• [Records for this exercise]:
▬▬▬▬▬▬▬▬▬▬

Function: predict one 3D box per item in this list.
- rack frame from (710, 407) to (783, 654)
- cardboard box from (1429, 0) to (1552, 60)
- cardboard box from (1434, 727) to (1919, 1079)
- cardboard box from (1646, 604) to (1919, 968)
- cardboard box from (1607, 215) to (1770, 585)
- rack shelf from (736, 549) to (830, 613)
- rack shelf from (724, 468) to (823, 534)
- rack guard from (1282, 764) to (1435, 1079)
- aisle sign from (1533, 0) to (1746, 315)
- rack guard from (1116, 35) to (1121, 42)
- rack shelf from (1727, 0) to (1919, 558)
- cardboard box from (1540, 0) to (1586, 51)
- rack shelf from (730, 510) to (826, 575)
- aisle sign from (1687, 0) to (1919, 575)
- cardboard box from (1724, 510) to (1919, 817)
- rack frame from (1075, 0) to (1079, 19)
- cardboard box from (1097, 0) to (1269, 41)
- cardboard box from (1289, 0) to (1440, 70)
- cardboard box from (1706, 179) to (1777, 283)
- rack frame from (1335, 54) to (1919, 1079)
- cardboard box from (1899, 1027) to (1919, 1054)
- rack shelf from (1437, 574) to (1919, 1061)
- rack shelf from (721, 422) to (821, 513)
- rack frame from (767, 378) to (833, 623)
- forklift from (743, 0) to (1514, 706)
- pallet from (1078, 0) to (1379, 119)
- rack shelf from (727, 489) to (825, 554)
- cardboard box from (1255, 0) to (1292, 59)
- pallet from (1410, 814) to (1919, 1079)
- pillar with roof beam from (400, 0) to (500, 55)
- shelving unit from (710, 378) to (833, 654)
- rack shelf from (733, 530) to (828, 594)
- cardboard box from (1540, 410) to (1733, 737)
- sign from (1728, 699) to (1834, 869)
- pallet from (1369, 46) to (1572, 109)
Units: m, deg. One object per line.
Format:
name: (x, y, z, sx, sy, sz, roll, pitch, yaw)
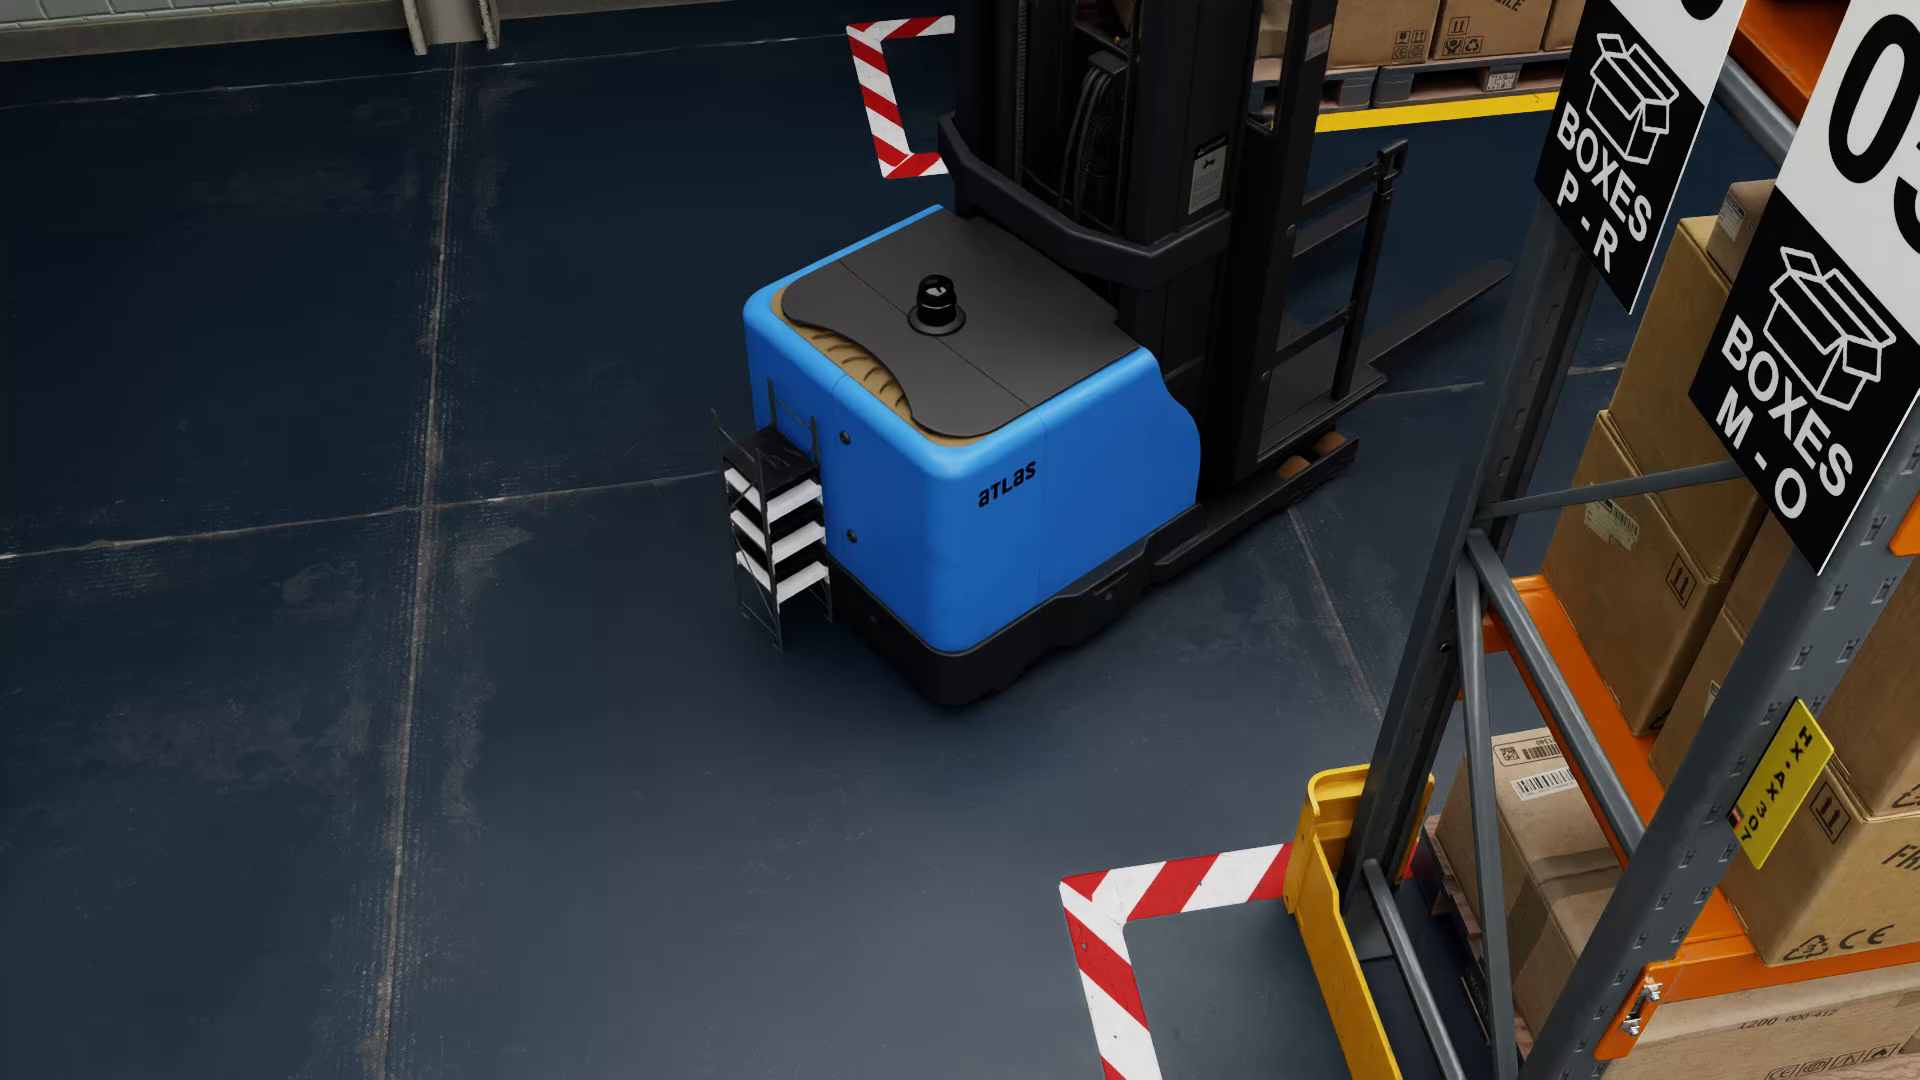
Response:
rack frame: (-0.653, -0.010, 5.134, 0.006, 0.900, 0.240, -31, 54, -27)
cardboard box: (2.362, -2.555, 7.573, 0.500, 0.500, 0.500, -6, 46, -6)
cardboard box: (1.840, 0.916, 4.272, 0.875, 0.438, 0.875, -9, 47, -8)
cardboard box: (1.729, 0.435, 3.179, 0.500, 0.500, 0.500, -7, 47, -7)
cardboard box: (1.641, -0.285, 3.178, 0.500, 0.500, 0.500, -6, 46, -5)
rack shelf: (-0.575, 0.091, 5.333, 0.200, 0.077, 0.258, -31, 54, -27)
rack shelf: (-0.575, -0.159, 5.074, 0.200, 0.077, 0.258, -31, 54, -27)
rack guard: (1.183, 1.195, 4.252, 0.348, 0.500, 1.175, -7, 46, -7)
aisle sign: (1.083, -0.789, 2.622, 0.004, 0.787, 0.394, -7, 46, -7)
rack guard: (0.431, -2.339, 7.657, 0.348, 0.500, 1.175, -7, 46, -7)
rack shelf: (3.177, -0.712, 2.770, 4.000, 0.370, 1.077, -7, 46, -7)
cardboard box: (2.847, -2.688, 7.701, 0.500, 0.500, 0.700, -9, 47, -8)
rack shelf: (-0.575, -0.034, 5.204, 0.200, 0.077, 0.258, -31, 54, -27)
aisle sign: (1.185, -0.363, 2.211, 0.004, 0.787, 0.394, -7, 46, -7)
cardboard box: (1.728, 0.086, 2.820, 0.500, 0.500, 0.500, -8, 47, -8)
rack frame: (0.357, -3.197, 6.747, 0.127, 3.000, 1.000, -7, 46, -7)
cardboard box: (0.975, -2.485, 7.503, 0.637, 0.503, 0.797, -9, 47, -8)
cardboard box: (1.824, -2.561, 7.579, 0.500, 0.500, 0.700, -5, 46, -5)
cardboard box: (1.526, -0.468, 2.904, 0.250, 0.149, 0.380, -7, 46, -6)
rack frame: (1.207, 0.324, 3.354, 0.127, 3.000, 1.000, -7, 46, -7)
cardboard box: (2.740, 0.797, 4.386, 0.875, 0.438, 0.875, -6, 46, -6)
rack shelf: (3.177, 0.329, 3.850, 4.000, 0.370, 1.077, -7, 46, -7)
rack shelf: (-0.575, -0.221, 5.009, 0.200, 0.077, 0.258, -31, 54, -27)
rack frame: (-0.497, -0.104, 5.225, 0.006, 0.900, 0.240, -31, 54, -27)
forklift: (0.786, -1.412, 5.075, 3.031, 2.935, 1.130, -31, 54, -27)
pallet: (1.217, -2.337, 7.856, 1.213, 0.211, 1.003, -7, 46, -7)
rack shelf: (-0.575, -0.096, 5.139, 0.200, 0.077, 0.258, -31, 54, -27)
cardboard box: (1.401, -2.386, 7.654, 0.250, 0.149, 0.380, -9, 47, -8)
pallet: (1.981, 1.138, 4.507, 1.213, 0.211, 1.003, -7, 46, -7)
pillar with roof beam: (-1.720, -2.532, 1.941, 0.400, 9.000, 9.100, -7, 46, -7)
shelving unit: (-0.575, -0.057, 5.180, 0.210, 0.900, 0.258, -31, 54, -27)
rack shelf: (-0.575, 0.029, 5.269, 0.200, 0.077, 0.258, -31, 54, -27)
cardboard box: (1.637, 0.043, 3.556, 0.500, 0.500, 0.500, -7, 46, -7)
sign: (1.295, 0.391, 2.634, 0.005, 0.325, 0.100, -7, 46, -7)
pallet: (2.416, -2.485, 7.998, 1.213, 0.211, 1.003, -7, 46, -7)
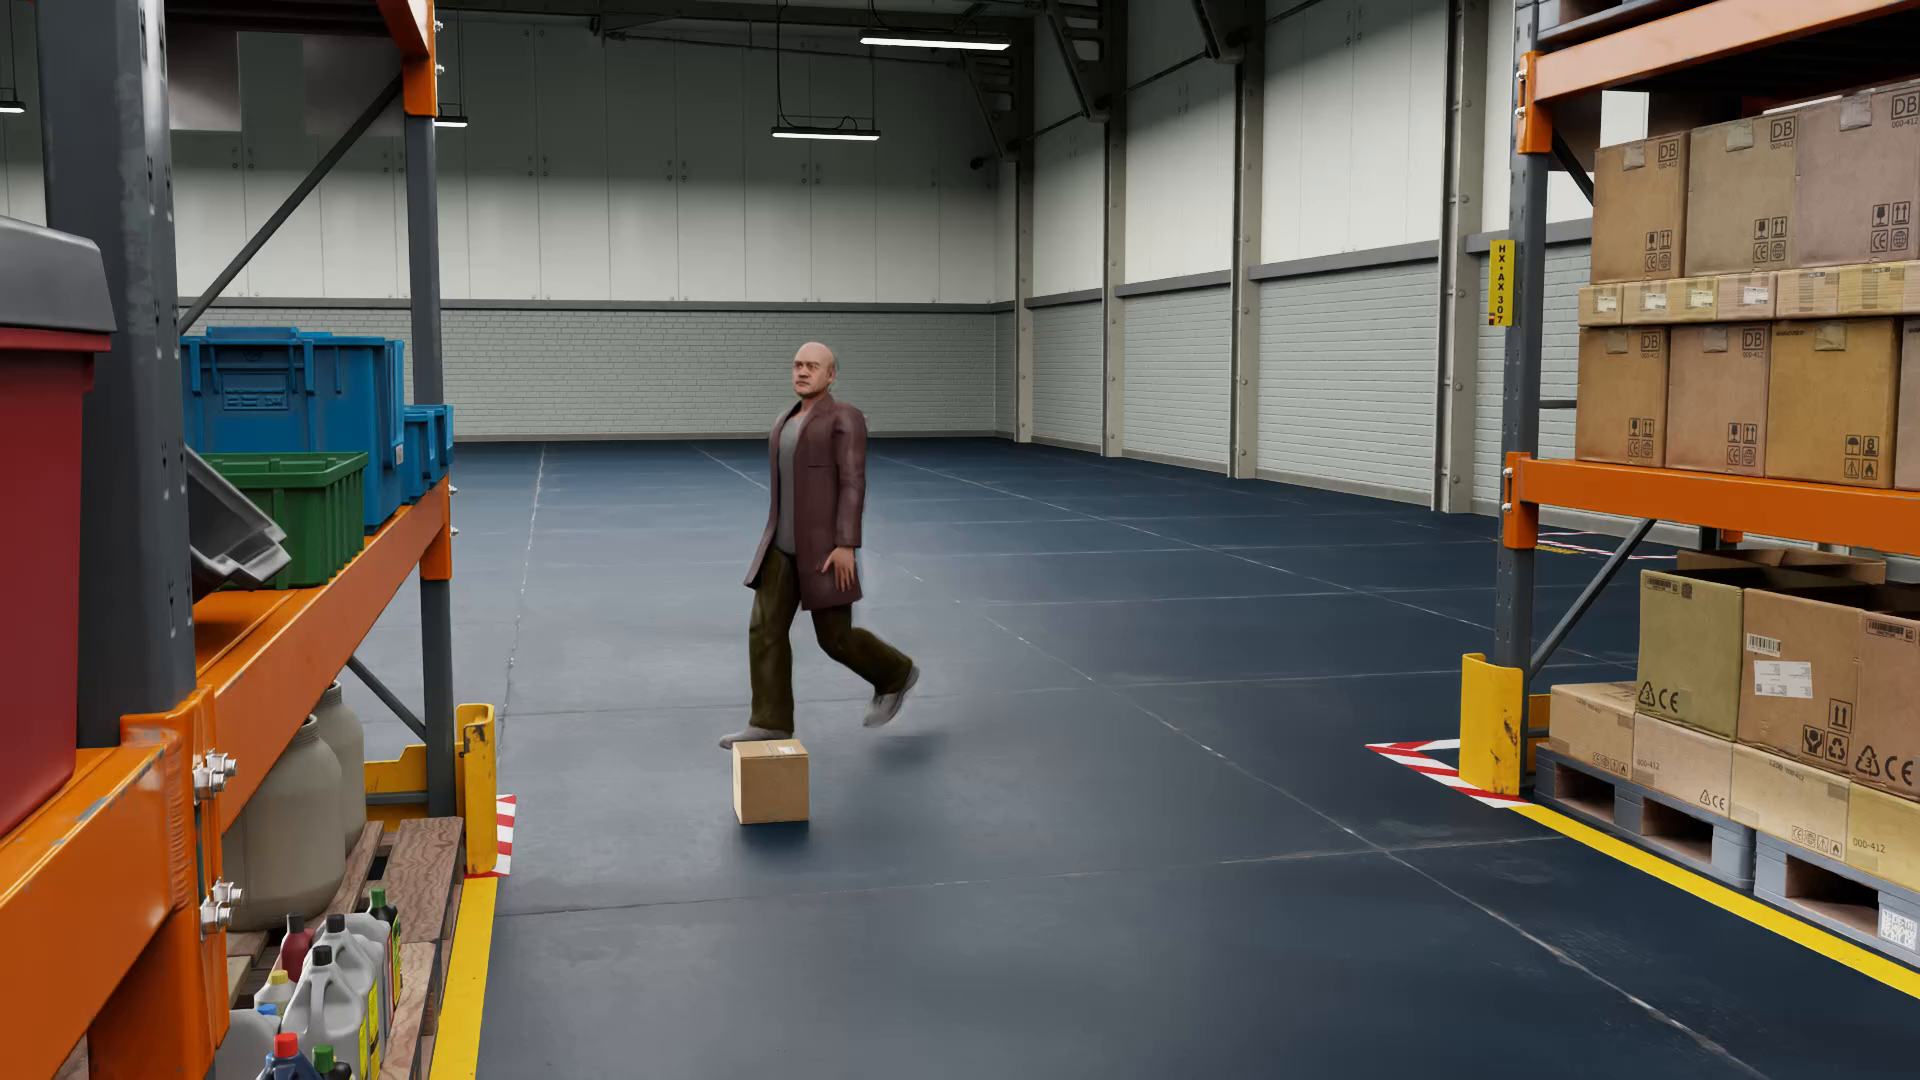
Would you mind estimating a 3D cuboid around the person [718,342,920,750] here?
[{"bbox_3d":[-0.618,0.022,7.196,0.661,1.745,0.994,5,8,42],"label":"person"}]

▬▬▬▬▬▬▬▬▬▬

• [Instructions to follow]: Above are the records; copy exactly the lines from the line with "- pallet from (1369, 46) to (1572, 109)" through the line with "name: (x, y, z, sx, sy, sz, roll, pitch, yaw)", both included.

• [Answer space]:
- pallet from (1369, 46) to (1572, 109)
Units: m, deg. One object per line.
Format:
name: (x, y, z, sx, sy, sz, roll, pitch, yaw)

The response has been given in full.